100-days-mlops-kodekloud

Create a Standard ML Project Structure

Problem

A colleague has started a new ML project at /root/code/fraud-detection/, but the layout does not match the xFusionCorp Industries standard. Bring the project in line with the team’s conventions.

  1. Inspect the existing project at /root/code/fraud-detection/.

  2. The final layout must match the tree below exactly:

     fraud-detection/
     ├── data/
     │   ├── raw/
     │   └── processed/
     ├── models/
     ├── notebooks/
     ├── src/
     │   ├── data/
     │   ├── features/
     │   ├── models/
     │   └── utils/
     ├── tests/
     ├── configs/
     ├── requirements.txt
     └── README.md
    
  3. Every subdirectory under src/ must contain an __init__.py file so that Python recognises it as a package.

  4. requirements.txt must list the following dependencies, one per line: scikit-learn, pandas, numpy, and mlflow. The canonical PyPI name for the scikit-learn package is scikit-learn.

  5. README.md must begin with the heading # fraud-detection.

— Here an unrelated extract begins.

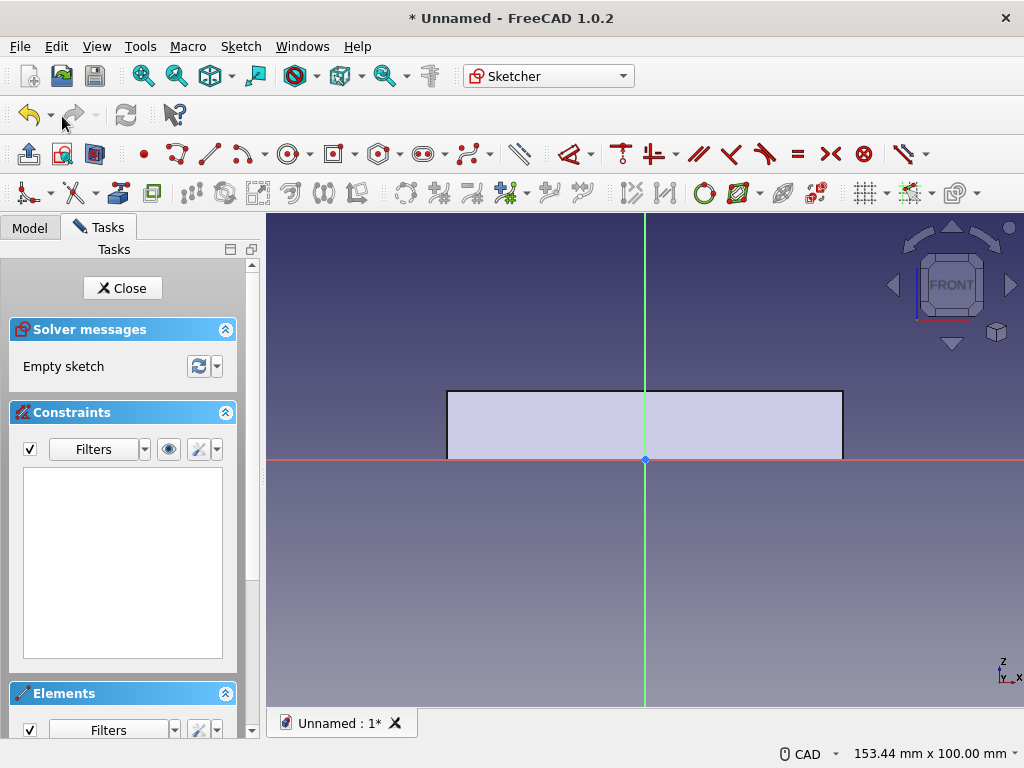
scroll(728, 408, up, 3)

  6. Review the existing project and correct everything that does not match the requirements above.

Solution

  1. Updated Readme.md according to task 5:

     # fraud-detection
    
    
  2. According to required files structures

    • two sub directory raw and processed is missing under data directory.
    • tests and configs directory is also missing
    • let’s create them using the following commands:
     mkdir -p fraud-detection/data/{raw,processed}
     mkdir -p fraud-detection/{tests,configs}
    
  3. In my case, I found two directories name was wrong (util and feature). Lets rename those directories:

     mv fraud-detection/src/feature fraud-detection/src/features
     mv fraud-detection/src/util fraud-detection/src/utils
    
  4. For task 3, just inspect and make sure each sub directory has __init__.py under src/ directory. If anyone is missing, then you can create with these commands accordingly.

     touch fraud-detection/src/data/__init__.py
     touch fraud-detection/src/features/__init__.py
     touch fraud-detection/src/models/__init__.py
     touch fraud-detection/src/utils/__init__.py
    
  5. Updated requirements.txt file based on the packages that are required to be listed.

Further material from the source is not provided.